# Model building and Deployment

In this exercise we will build a machine learning model, introduce the vetiver package for machine learning operations, and learn how to use the package to deploy models to Posit Connect.

#### We are starting a new activity, so deactivate the older and create a new virtual environment!

```bash
# deactivate older venv
deactivate 

# Create a virtual environment
# Use our alias!
py-venv
python -m pip install -r requirements.txt

```

In [9]:
# import required libraries
import os
import ibis
from dotenv import load_dotenv
import pandas as pd
import xgboost as xgb
import numpy as np
from sklearn.model_selection import train_test_split
from sklearn import metrics
from sklearn.ensemble import RandomForestClassifier
import vetiver
import pins
import rsconnect
from datetime import datetime, timedelta

### Task 1 - Exploratory Data Analysis

#### 🔄 Task

Before we build a machine learning model to predict if an inspection would be successful or not, we need to understand the data.
Use this time to see what features we have available and how they can be used for our model.


In [None]:
# begin by making a connection to the database using the ibis package

import os
import ibis

con = ibis.postgres.connect(
    ...
)

inspection_data = con.table("food_inspection_validated").to_pandas()

There are different functions available in pandas dataframe to do this, like *columns*, *groupby*, *count*, and *unique*

In [7]:
# (Uncomment to run some analysis)
#
#inspection_data.columns
#inspection_data.dtypes
#inspection_data.groupby("facility_type").count()["inspection_id"].sort_values(ascending=False)
#inspection_data.groupby("results").count()["inspection_id"]
#inspection_data['results'].unique()
#inspection_data.groupby("risk").count()["inspection_id"]
#inspection_data['violations']

**For Bonus Points**

If you want, you can also use *matplotlib* to plot relationships between different features!
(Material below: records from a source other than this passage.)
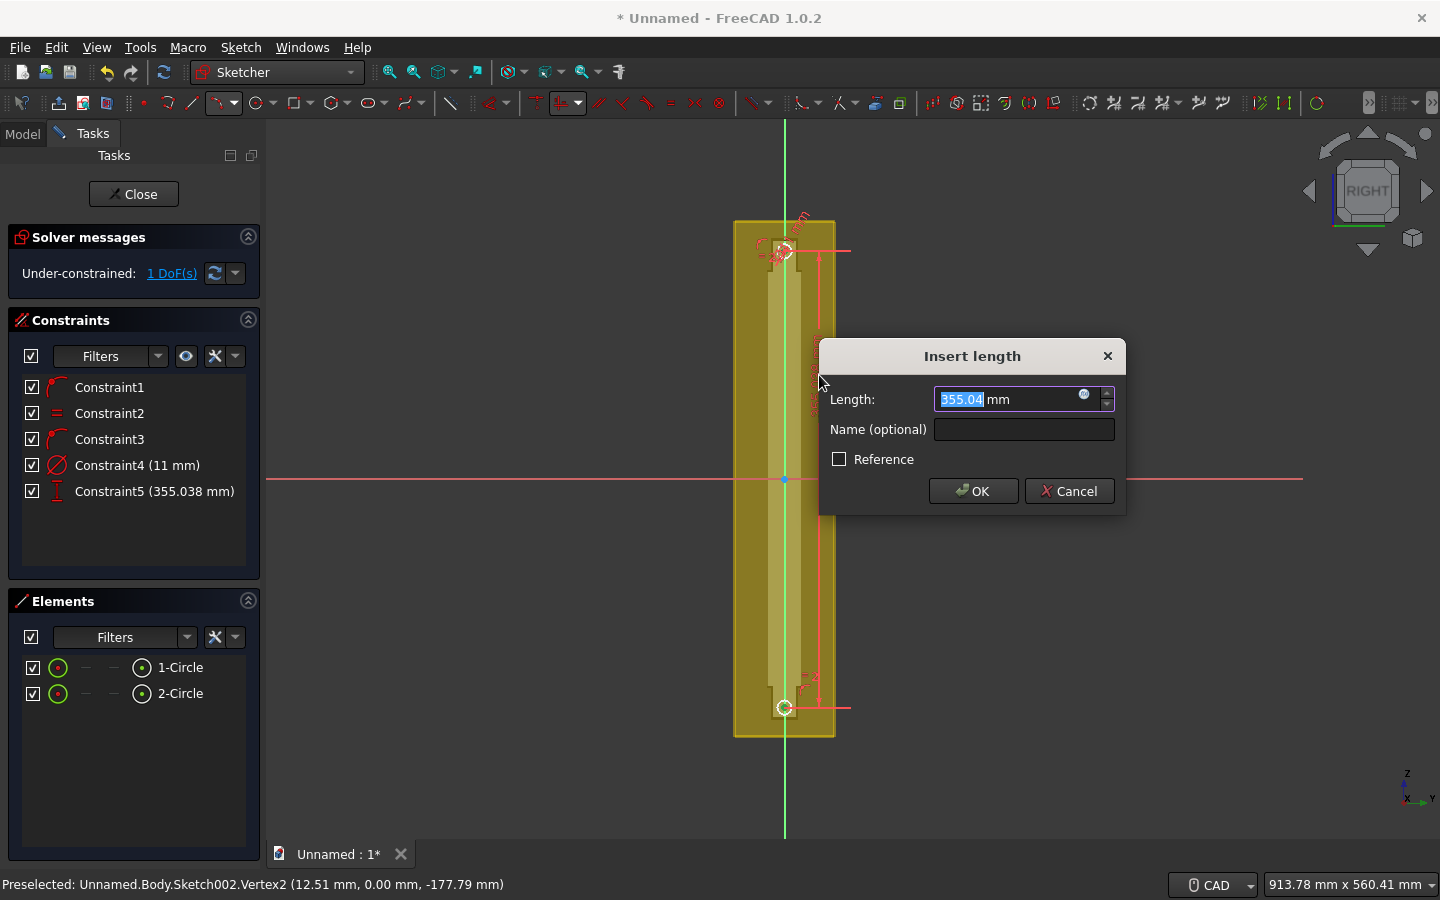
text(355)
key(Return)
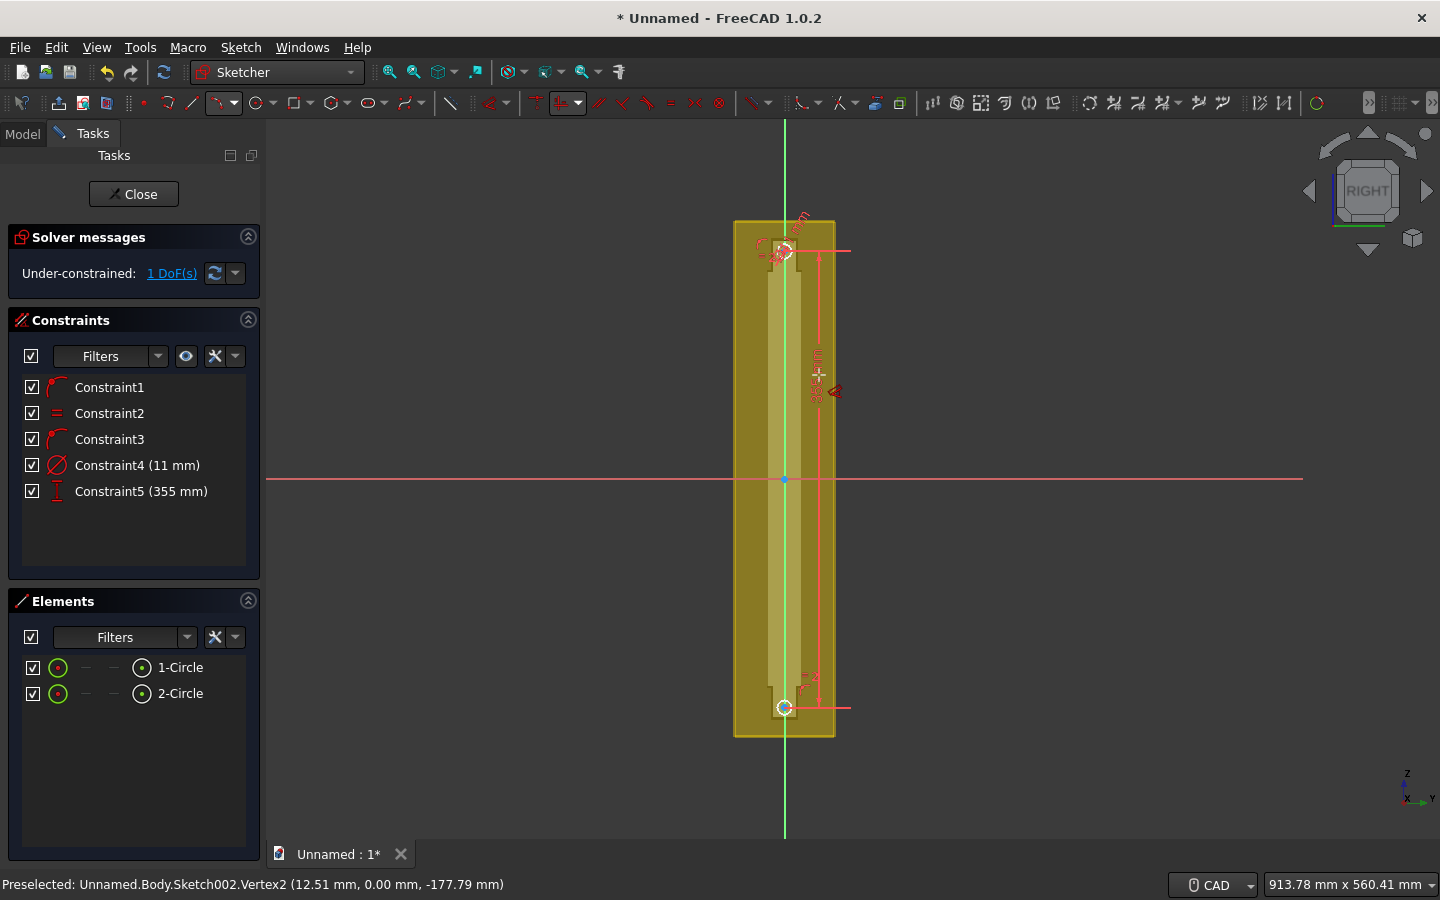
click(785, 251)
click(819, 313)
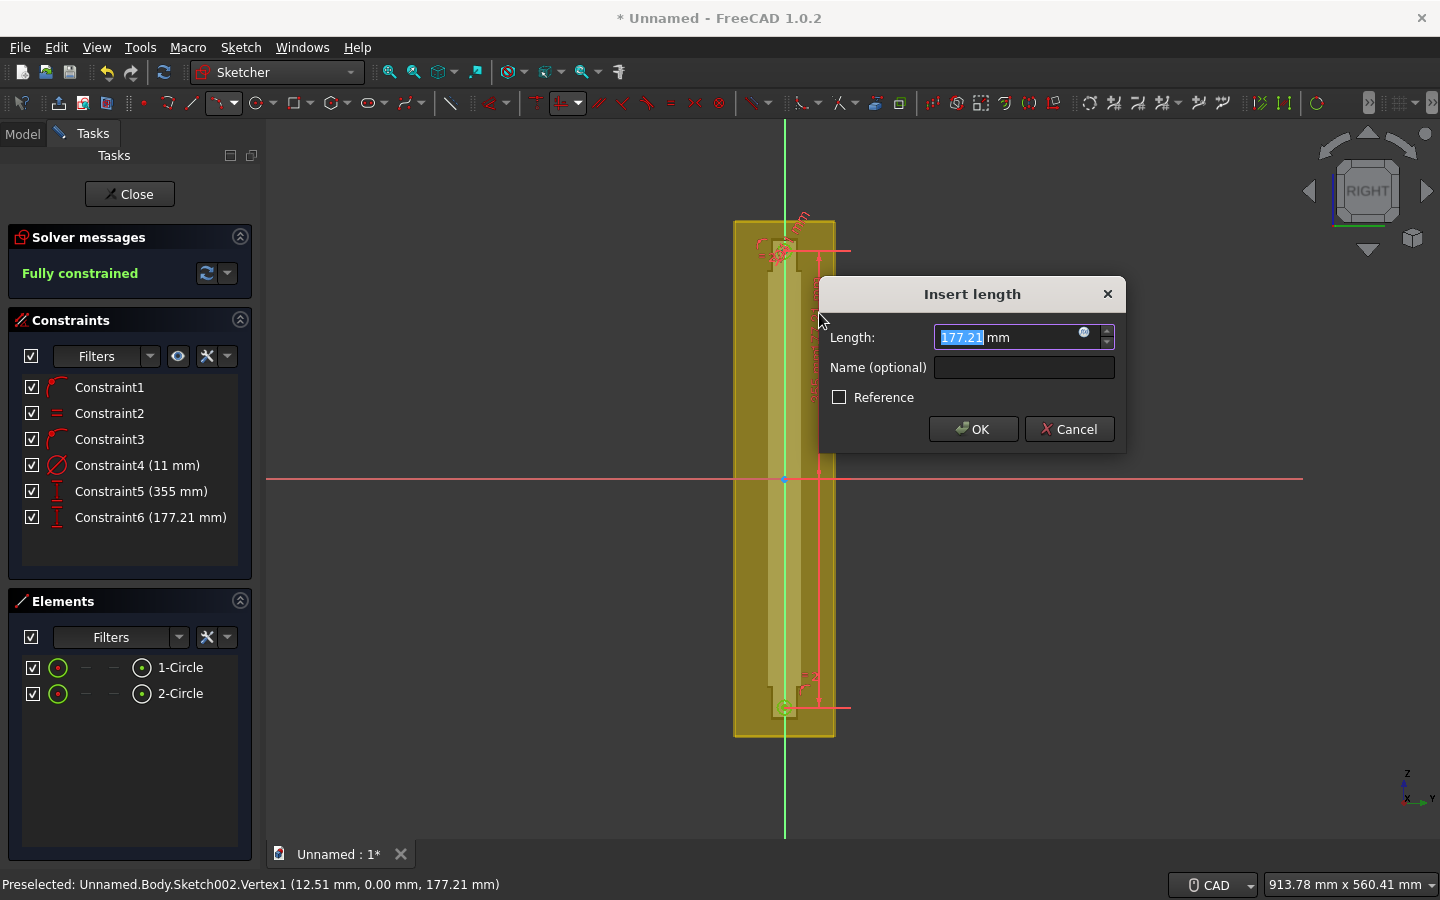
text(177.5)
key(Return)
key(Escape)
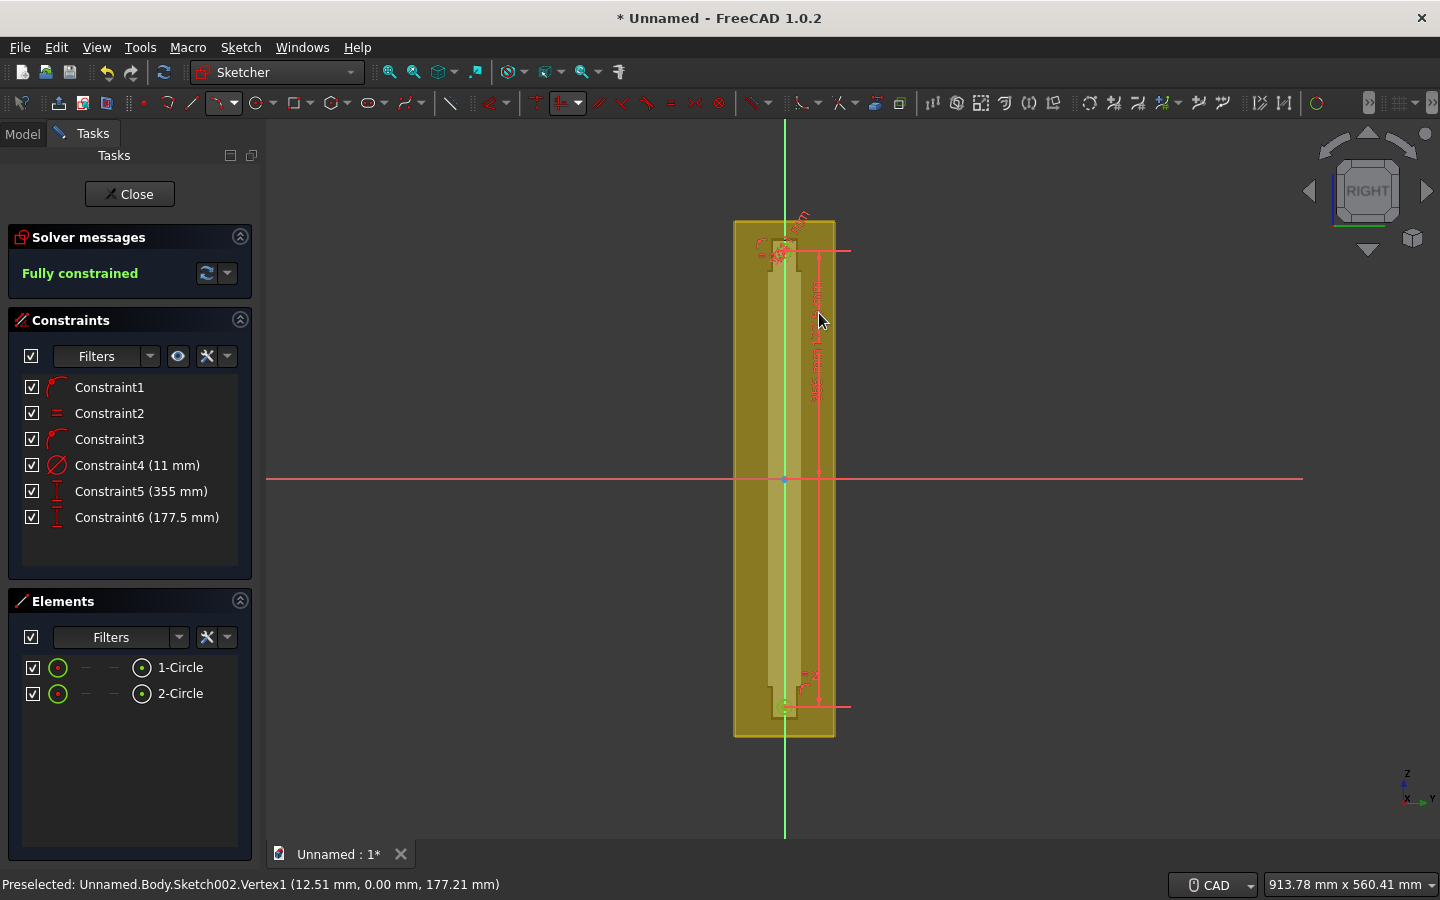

### Task 2 - Feature Engineering

#### 🔄 Task

Now that we have some understanding of our columns, lets look into building features for our model
- which columns can we use as features?
- do all the column values make sense? eg. look at *category* column values
- are these columns in the right format?
- what kind of encoding can we do define categorical columns?
- Do we need to build a new feature to correctly capture the data?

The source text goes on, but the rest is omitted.